### Work request
Output only the lines below from the one containing "What about the small box <box>489,16,637,108</box>?" to the one containing "4) small box <box>973,317,1081,398</box>", exactly as written, both ends kept.

### Stored items
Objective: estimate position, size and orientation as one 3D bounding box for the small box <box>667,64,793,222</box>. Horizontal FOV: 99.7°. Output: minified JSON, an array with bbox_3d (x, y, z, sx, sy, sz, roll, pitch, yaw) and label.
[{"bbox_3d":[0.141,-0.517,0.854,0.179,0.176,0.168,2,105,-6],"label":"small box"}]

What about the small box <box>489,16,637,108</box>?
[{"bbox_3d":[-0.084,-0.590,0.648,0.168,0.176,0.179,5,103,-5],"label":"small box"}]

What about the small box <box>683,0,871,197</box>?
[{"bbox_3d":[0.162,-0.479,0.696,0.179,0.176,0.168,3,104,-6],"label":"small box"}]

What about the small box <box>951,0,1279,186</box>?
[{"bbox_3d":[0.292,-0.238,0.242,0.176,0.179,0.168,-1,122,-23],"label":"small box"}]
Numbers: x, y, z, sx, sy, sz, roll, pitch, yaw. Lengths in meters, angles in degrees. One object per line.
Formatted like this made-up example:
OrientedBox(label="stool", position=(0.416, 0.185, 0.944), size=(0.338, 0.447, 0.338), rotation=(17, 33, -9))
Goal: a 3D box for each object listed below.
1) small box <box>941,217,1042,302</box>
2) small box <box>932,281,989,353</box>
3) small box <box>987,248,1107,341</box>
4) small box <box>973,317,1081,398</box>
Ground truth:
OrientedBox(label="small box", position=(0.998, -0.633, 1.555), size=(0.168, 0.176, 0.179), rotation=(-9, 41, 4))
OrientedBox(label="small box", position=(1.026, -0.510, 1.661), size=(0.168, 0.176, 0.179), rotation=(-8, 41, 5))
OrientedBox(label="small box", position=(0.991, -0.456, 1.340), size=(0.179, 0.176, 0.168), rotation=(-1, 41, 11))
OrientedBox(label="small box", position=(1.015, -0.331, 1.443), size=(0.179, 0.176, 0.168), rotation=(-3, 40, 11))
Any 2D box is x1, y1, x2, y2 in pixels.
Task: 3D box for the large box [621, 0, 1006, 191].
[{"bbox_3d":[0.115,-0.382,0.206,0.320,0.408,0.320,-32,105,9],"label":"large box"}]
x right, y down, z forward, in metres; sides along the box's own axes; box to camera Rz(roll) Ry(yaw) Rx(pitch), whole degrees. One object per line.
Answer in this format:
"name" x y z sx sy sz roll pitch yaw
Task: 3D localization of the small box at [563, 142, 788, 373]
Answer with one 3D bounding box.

### Written solution
What about the small box <box>489,16,637,108</box>?
[{"bbox_3d":[-0.084,-0.590,0.648,0.168,0.176,0.179,5,103,-5],"label":"small box"}]

What about the small box <box>683,0,871,197</box>?
[{"bbox_3d":[0.162,-0.479,0.696,0.179,0.176,0.168,3,104,-6],"label":"small box"}]

What about the small box <box>951,0,1279,186</box>?
[{"bbox_3d":[0.292,-0.238,0.242,0.176,0.179,0.168,-1,122,-23],"label":"small box"}]
Numbers: x, y, z, sx, sy, sz, roll, pitch, yaw. Lengths in meters, angles in degrees. One object per line.
Formatted like this made-up example:
OrientedBox(label="stool", position=(0.416, 0.185, 0.944), size=(0.338, 0.447, 0.338), rotation=(17, 33, -9))
Goal: a 3D box for each object listed below.
1) small box <box>941,217,1042,302</box>
2) small box <box>932,281,989,353</box>
3) small box <box>987,248,1107,341</box>
4) small box <box>973,317,1081,398</box>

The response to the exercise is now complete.